CVSS:3.1/AV:N/AC:L/PR:L/UI:N/S:C/C:N/I:H/A:N

n8n: HTTP Request Node Pagination Prototype Pollution to RCE
## Impact
An authenticated user with permission to create or modify workflows could achieve global prototype pollution via an unvalidated pagination parameter in the HTTP Request node. Combined with other techniques this could lead to RCE on the instance.

## Patches
The issue has been fixed in n8n versions 1.123.43, 2.20.7, and 2.22.1. Users should upgrade to one of these versions or later to remediate the vulnerability.

## Workarounds
If upgrading is not immediately possible, administrators should consider the following temporary mitigations:
- Limit workflow creation and editing permissions to fully trusted users only.
- Disable the HTTP Request node by adding `n8n-nodes-base.httpRequest` to the `NODES_EXCLUDE` environment variable.

These workarounds do not fully remediate the risk and should only be used as short-term mitigation measures.

---
n8n has adopted CVSS 4.0 as primary score for all security advisories.
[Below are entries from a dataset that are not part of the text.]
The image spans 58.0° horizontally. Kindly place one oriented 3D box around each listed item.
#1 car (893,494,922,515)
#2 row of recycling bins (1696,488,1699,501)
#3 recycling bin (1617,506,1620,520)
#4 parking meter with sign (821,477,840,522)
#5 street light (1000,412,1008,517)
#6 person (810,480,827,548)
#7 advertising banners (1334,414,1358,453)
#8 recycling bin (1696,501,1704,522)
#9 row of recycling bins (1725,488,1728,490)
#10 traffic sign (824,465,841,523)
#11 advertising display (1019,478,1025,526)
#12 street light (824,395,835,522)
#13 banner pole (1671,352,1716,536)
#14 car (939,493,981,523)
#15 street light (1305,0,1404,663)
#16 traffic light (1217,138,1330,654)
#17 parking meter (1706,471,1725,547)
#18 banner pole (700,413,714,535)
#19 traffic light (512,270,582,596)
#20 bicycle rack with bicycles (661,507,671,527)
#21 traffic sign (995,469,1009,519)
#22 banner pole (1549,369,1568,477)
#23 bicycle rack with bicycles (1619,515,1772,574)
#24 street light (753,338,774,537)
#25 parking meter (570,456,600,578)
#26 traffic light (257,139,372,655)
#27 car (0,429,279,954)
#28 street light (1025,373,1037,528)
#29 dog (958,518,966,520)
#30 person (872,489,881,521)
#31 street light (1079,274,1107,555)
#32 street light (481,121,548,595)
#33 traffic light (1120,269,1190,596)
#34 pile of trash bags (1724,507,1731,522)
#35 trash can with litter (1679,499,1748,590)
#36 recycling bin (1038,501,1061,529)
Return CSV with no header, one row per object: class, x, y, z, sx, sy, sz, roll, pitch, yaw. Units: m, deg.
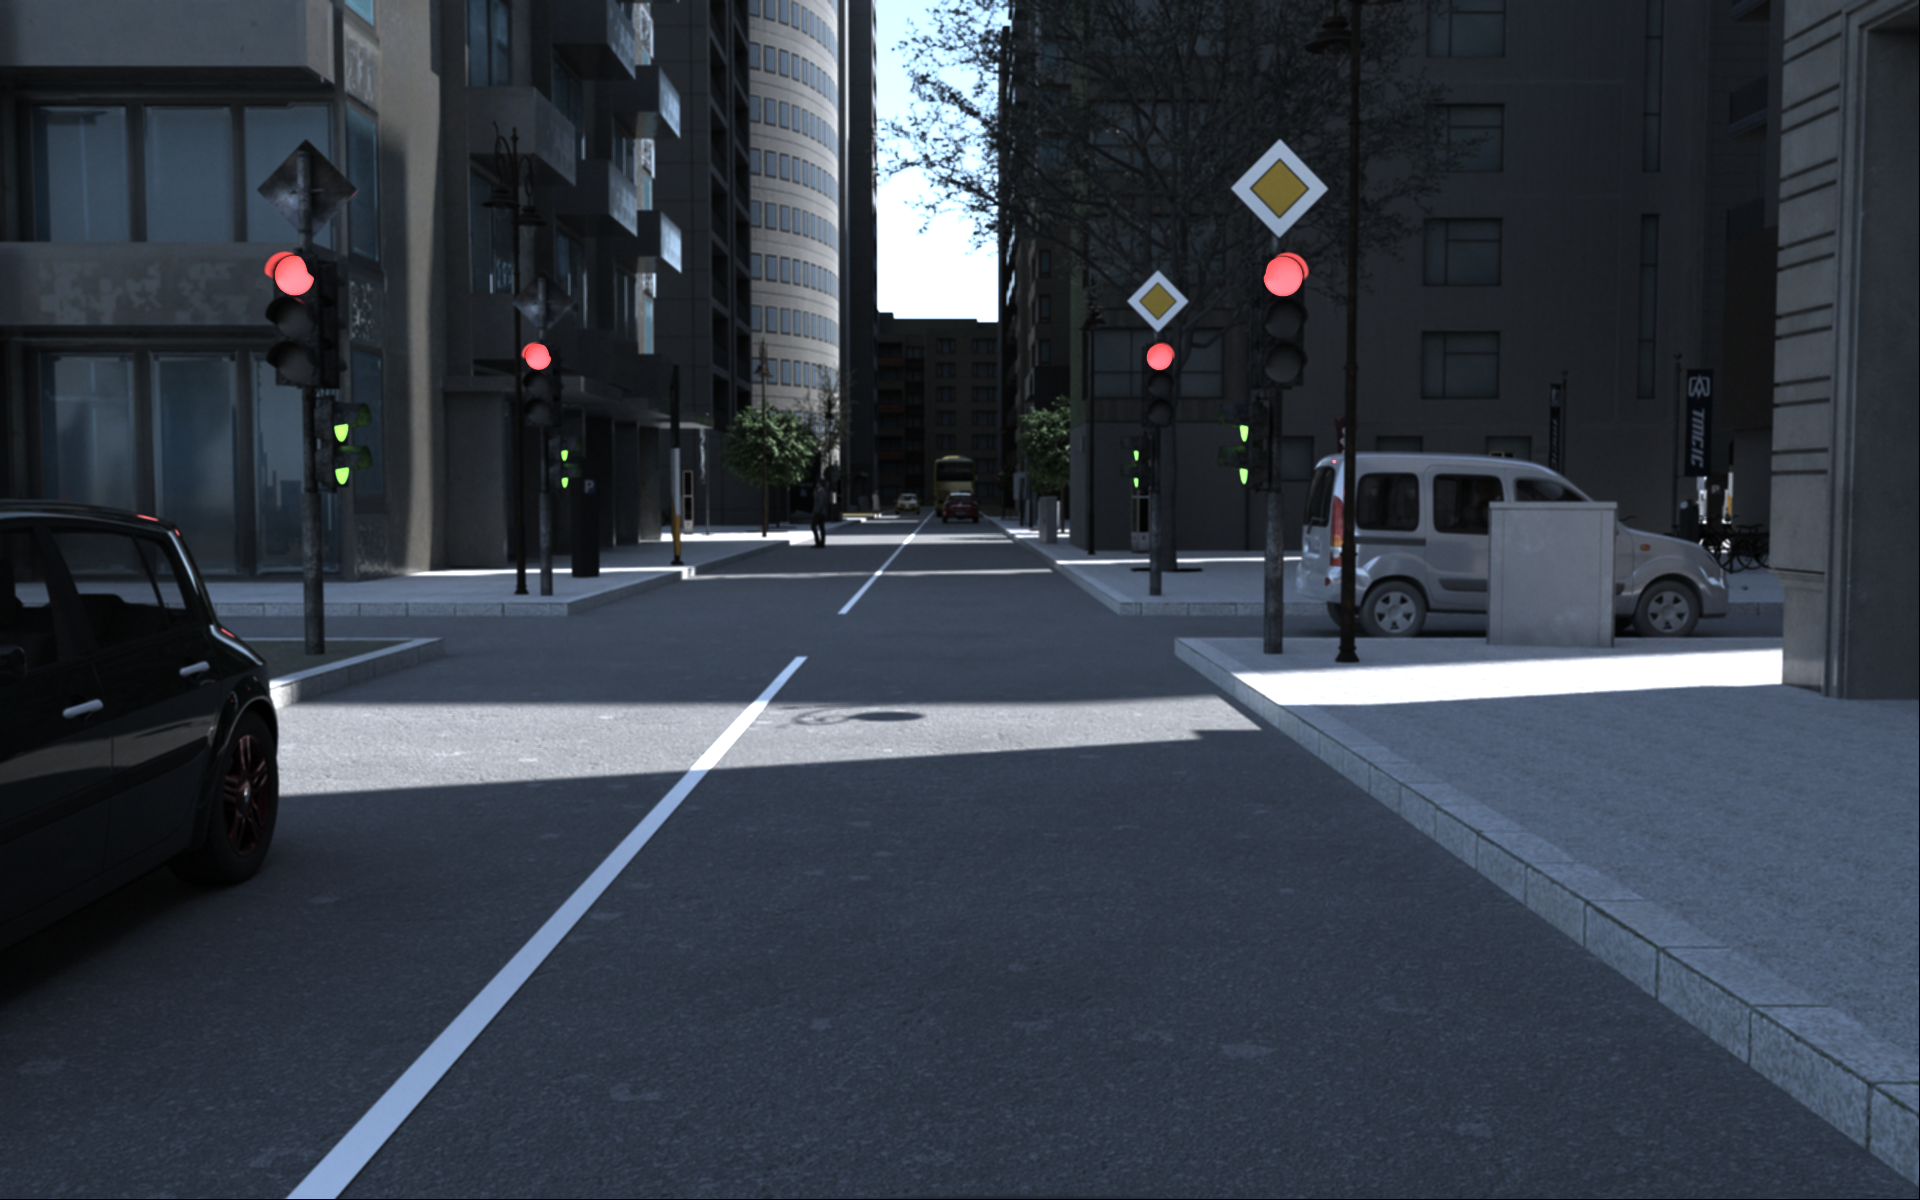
car,-3.675,-6.829,121.872,2.015,1.641,3.980,0,4,-1
row of recycling bins,30.661,-4.058,73.454,1.069,1.692,3.534,1,4,18
recycling bin,34.224,-4.694,89.305,0.722,1.027,0.722,1,4,12
parking meter with sign,-6.339,-5.064,79.051,1.738,3.016,0.543,1,4,15
street light,2.435,-7.534,95.975,0.468,5.910,1.993,0,4,0
person,-3.770,-2.292,46.150,0.473,1.802,0.592,1,4,22
advertising banners,9.219,-2.552,37.907,2.074,3.025,0.090,1,4,19
recycling bin,27.158,-3.177,64.500,0.722,1.027,0.722,-2,4,-28
row of recycling bins,42.041,-5.234,92.681,1.069,1.692,3.534,0,4,-7
traffic sign,-5.639,-4.662,76.335,0.768,2.556,0.104,0,4,6
advertising display,2.463,-3.896,68.907,0.123,1.923,0.974,0,4,7
street light,-6.077,-6.609,80.850,0.468,5.910,1.993,0,4,0
banner pole,12.862,-2.481,30.576,0.863,3.779,0.401,0,4,1
car,0.007,-4.750,86.705,2.155,1.783,4.494,0,4,-1
street light,2.966,-2.465,13.088,0.468,5.910,1.993,0,4,0
traffic light,2.503,-1.524,13.835,0.839,4.253,0.868,0,4,0
parking meter,18.402,-2.230,42.179,0.399,1.863,0.255,2,4,24
banner pole,-7.964,-3.912,53.985,0.401,3.779,0.863,-2,4,-29
traffic light,-5.204,-2.009,21.760,0.839,4.253,0.868,0,4,0
bicycle rack with bicycles,-12.395,-3.359,68.303,2.925,0.926,2.852,0,4,-7
traffic sign,2.197,-5.438,89.019,0.768,2.556,0.104,0,4,3
banner pole,11.942,-2.727,34.596,0.401,3.779,0.863,3,5,44
bicycle rack with bicycles,13.000,-0.950,28.918,2.925,0.926,2.852,0,4,-5
street light,-5.826,-4.810,51.426,0.468,5.910,1.993,0,4,0
parking meter,-5.781,-1.286,26.738,0.255,1.863,0.399,3,5,43
traffic light,-5.158,-1.520,13.775,0.839,4.253,0.868,0,4,0
car,-3.435,0.293,5.000,2.009,1.686,4.222,0,4,-1
street light,2.707,-5.700,65.982,0.468,5.910,1.993,0,4,0
dog,0.130,-4.638,96.030,0.550,0.427,0.748,1,4,9
person,-4.525,-5.156,93.555,0.466,1.731,0.760,0,4,6
street light,2.789,-3.900,36.557,0.468,5.910,1.993,0,4,0
street light,-5.614,-3.010,22.001,0.468,5.910,1.993,0,4,0
traffic light,2.457,-2.012,21.820,0.839,4.253,0.868,0,4,0
pile of trash bags,40.941,-4.769,87.720,3.447,1.369,1.912,-1,4,-14
trash can with litter,9.711,-0.749,23.299,1.678,1.210,2.233,1,4,19
recycling bin,3.251,-3.082,62.938,0.722,1.027,0.722,1,4,11

CVSS 3.1 vector strings are provided for backwards compatibility.

CVSS:3.1/AV:N/AC:L/PR:L/UI:N/S:C/C:H/I:H/A:H

n8n Has a Source Control Pull SQL Injection
## Impact
An attacker with write access to the git repository connected to an n8n Source Control configuration could commit a malicious Data Table JSON file containing a crafted column name. When an administrator performed a Source Control Pull, n8n imported the file and could lead to SQL injection on the internal PostgreSQL instance.

Exploitation requires all of the following conditions:
- The n8n instance uses PostgreSQL as its database backend.
- The Source Control feature is enabled and connected to a repository the attacker can write to.
- An administrator triggers a Source Control Pull.

## Patches
The issue has been fixed in n8n version 1.123.43, 2.20.7, and 2.21.1. Users should upgrade to this version or later to remediate the vulnerability.

## Workarounds
If upgrading is not immediately possible, administrators should consider the following temporary mitigations:
- Disable the Source Control feature if it is not actively required.
- Restrict write access to the connected git repository to fully trusted users only.
- Avoid pulling from repositories that may have been modified by untrusted parties.

These workarounds do not fully remediate the risk and should only be used as short-term mitigation measures.